Pull every line containing "Would" from the data.

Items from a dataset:

·····

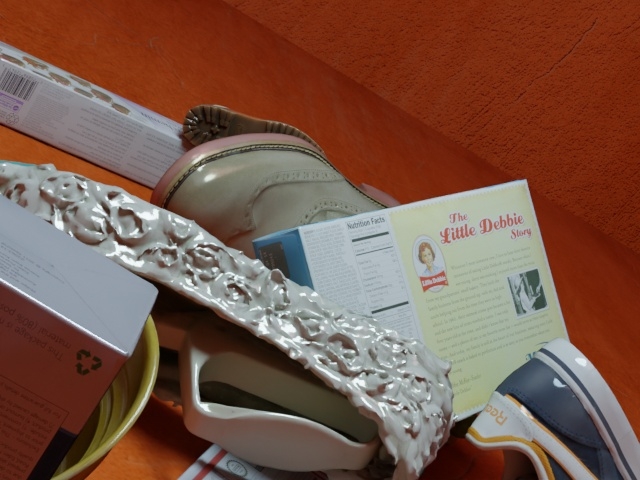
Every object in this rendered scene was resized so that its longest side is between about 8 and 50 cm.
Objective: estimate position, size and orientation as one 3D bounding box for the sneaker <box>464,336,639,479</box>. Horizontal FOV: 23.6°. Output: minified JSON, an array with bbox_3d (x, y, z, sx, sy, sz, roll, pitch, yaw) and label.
[{"bbox_3d":[0.236,0.243,1.296,0.321,0.127,0.126,56,-9,-12],"label":"sneaker"}]

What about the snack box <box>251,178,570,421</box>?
[{"bbox_3d":[0.091,0.060,1.301,0.322,0.060,0.187,-12,87,-48],"label":"snack box"}]

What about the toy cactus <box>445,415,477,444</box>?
[{"bbox_3d":[0.114,0.121,1.475,0.180,0.112,0.219,33,13,-42],"label":"toy cactus"}]

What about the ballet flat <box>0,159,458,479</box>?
[{"bbox_3d":[-0.094,0.068,1.067,0.409,0.147,0.147,22,15,-3],"label":"ballet flat"}]

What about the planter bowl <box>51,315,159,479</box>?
[{"bbox_3d":[-0.192,0.095,0.806,0.217,0.090,0.217,2,37,-1],"label":"planter bowl"}]

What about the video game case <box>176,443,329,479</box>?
[{"bbox_3d":[0.030,0.234,1.038,0.285,0.025,0.204,34,14,6],"label":"video game case"}]

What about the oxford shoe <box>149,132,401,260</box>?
[{"bbox_3d":[0.000,0.000,1.545,0.397,0.140,0.146,14,30,-48],"label":"oxford shoe"}]

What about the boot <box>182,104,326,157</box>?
[{"bbox_3d":[-0.065,-0.106,1.626,0.158,0.059,0.084,23,8,-1],"label":"boot"}]

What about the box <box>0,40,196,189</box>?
[{"bbox_3d":[-0.214,-0.112,1.594,0.324,0.067,0.063,23,17,-33],"label":"box"}]

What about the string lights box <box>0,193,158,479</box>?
[{"bbox_3d":[-0.183,0.098,0.540,0.133,0.259,0.077,32,15,-7],"label":"string lights box"}]
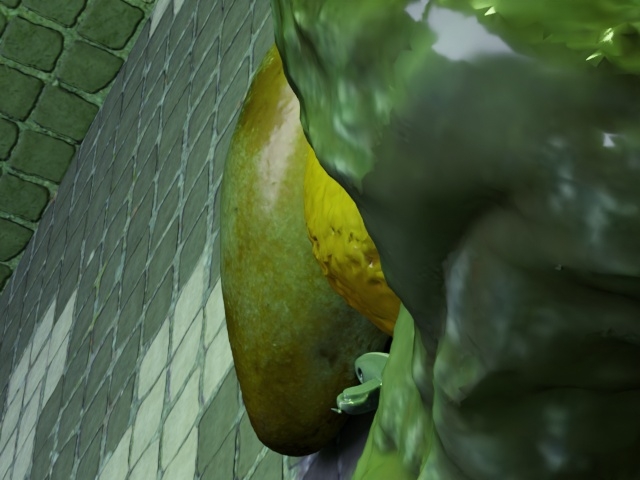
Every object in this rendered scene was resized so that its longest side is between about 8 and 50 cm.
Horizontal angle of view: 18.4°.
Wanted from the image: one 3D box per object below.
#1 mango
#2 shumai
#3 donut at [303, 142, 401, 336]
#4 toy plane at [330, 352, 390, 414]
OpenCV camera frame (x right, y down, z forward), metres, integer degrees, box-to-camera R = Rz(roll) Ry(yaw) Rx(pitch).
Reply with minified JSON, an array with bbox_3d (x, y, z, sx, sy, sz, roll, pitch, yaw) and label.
[{"bbox_3d":[0.000,0.000,1.315,0.193,0.146,0.316,-53,-24,-73],"label":"mango"},{"bbox_3d":[0.114,0.029,0.688,0.397,0.324,0.323,-99,21,-69],"label":"shumai"},{"bbox_3d":[0.119,-0.138,1.083,0.435,0.163,0.377,-66,15,10],"label":"donut"},{"bbox_3d":[0.081,0.093,0.929,0.226,0.058,0.226,17,121,44],"label":"toy plane"}]
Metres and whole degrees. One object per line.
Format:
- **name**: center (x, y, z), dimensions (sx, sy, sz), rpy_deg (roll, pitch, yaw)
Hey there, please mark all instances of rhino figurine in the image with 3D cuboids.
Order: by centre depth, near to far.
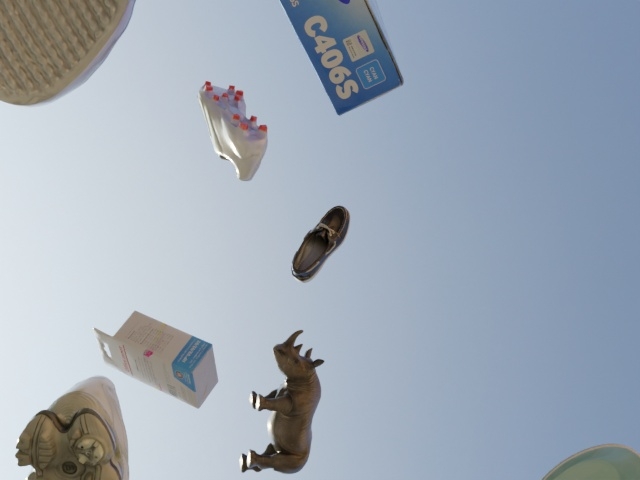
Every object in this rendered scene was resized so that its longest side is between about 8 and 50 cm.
- **rhino figurine**: center (-0.051, 0.250, 1.105), dimensions (0.106, 0.073, 0.244), rpy_deg (7, -79, -19)

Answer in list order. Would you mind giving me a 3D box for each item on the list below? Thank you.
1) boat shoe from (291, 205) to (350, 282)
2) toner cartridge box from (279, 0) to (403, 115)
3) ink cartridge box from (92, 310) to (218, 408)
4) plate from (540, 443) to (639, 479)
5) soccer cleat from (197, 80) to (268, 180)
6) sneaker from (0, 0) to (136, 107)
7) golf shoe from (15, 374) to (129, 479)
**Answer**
- **boat shoe**: center (0.000, 0.000, 0.996), dimensions (0.046, 0.038, 0.125), rpy_deg (33, -105, 17)
- **toner cartridge box**: center (0.010, -0.285, 0.798), dimensions (0.075, 0.348, 0.165), rpy_deg (-24, -60, 13)
- **ink cartridge box**: center (-0.254, 0.177, 1.121), dimensions (0.181, 0.062, 0.104), rpy_deg (20, -41, 17)
- **plate**: center (0.314, 0.321, 0.875), dimensions (0.188, 0.024, 0.188), rpy_deg (-7, -68, -17)
- **soccer cleat**: center (-0.123, -0.149, 0.951), dimensions (0.196, 0.068, 0.076), rpy_deg (55, -46, 49)
- **sneaker**: center (-0.226, -0.269, 0.705), dimensions (0.126, 0.127, 0.321), rpy_deg (27, -95, -12)
- **golf shoe**: center (-0.138, 0.167, 0.442), dimensions (0.069, 0.086, 0.176), rpy_deg (7, -74, -2)
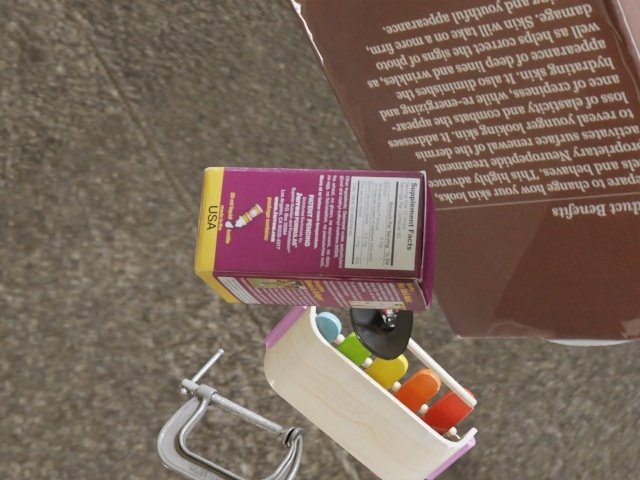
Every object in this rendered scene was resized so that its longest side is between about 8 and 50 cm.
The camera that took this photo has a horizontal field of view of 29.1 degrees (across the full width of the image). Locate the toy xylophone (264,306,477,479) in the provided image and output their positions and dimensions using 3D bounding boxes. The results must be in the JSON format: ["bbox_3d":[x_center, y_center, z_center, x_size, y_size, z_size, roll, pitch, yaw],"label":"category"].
[{"bbox_3d":[0.080,0.202,1.675,0.236,0.081,0.323,-38,100,30],"label":"toy xylophone"}]

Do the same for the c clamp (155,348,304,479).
[{"bbox_3d":[-0.080,0.176,1.156,0.160,0.137,0.022,27,142,27],"label":"c clamp"}]

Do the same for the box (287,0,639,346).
[{"bbox_3d":[0.105,-0.129,0.662,0.191,0.143,0.381,-3,123,41],"label":"box"}]

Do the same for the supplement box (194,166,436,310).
[{"bbox_3d":[0.000,0.000,0.467,0.083,0.055,0.043,2,75,9],"label":"supplement box"}]

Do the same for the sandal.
[{"bbox_3d":[0.070,0.033,1.267,0.067,0.040,0.179,8,82,-15],"label":"sandal"}]
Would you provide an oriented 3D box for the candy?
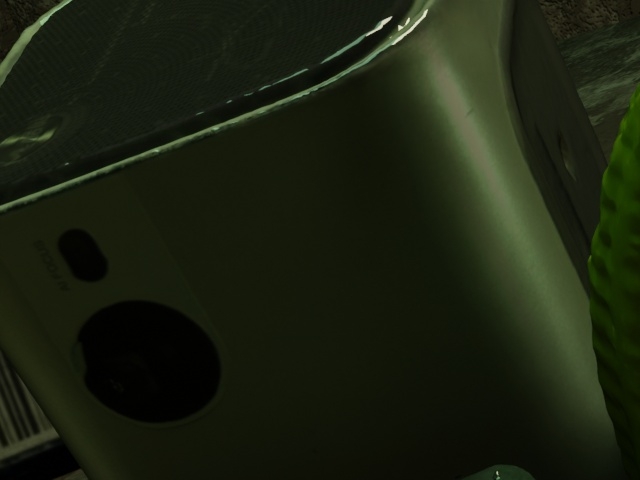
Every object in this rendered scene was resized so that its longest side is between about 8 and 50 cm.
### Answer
[{"bbox_3d":[0.146,0.022,0.638,0.096,0.209,0.097,-11,37,8],"label":"candy"}]

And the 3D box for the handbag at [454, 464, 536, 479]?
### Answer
[{"bbox_3d":[-0.037,0.176,0.553,0.260,0.079,0.247,-20,8,12],"label":"handbag"}]

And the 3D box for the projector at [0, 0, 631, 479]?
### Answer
[{"bbox_3d":[0.000,0.000,0.791,0.248,0.249,0.248,-19,27,20],"label":"projector"}]

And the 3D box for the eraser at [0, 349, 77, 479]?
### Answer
[{"bbox_3d":[-0.140,0.059,1.239,0.332,0.155,0.101,-22,8,-8],"label":"eraser"}]
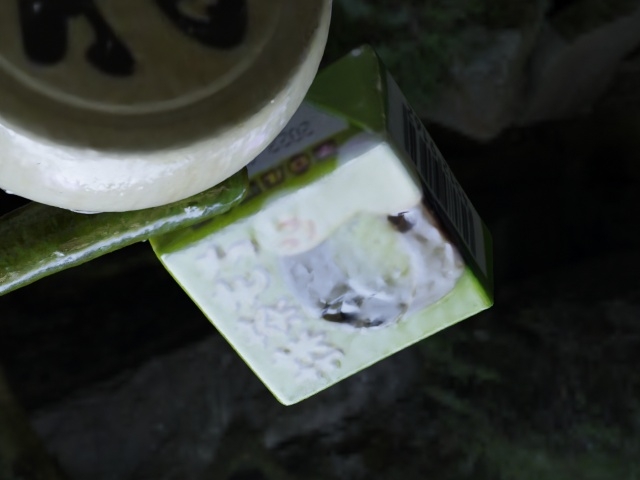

·····

**Exercise output**:
Answer in list order. Would you mind giving me a 3D box for each item on the list below? Thank you.
Would you provide an oriented 3D box for the candy?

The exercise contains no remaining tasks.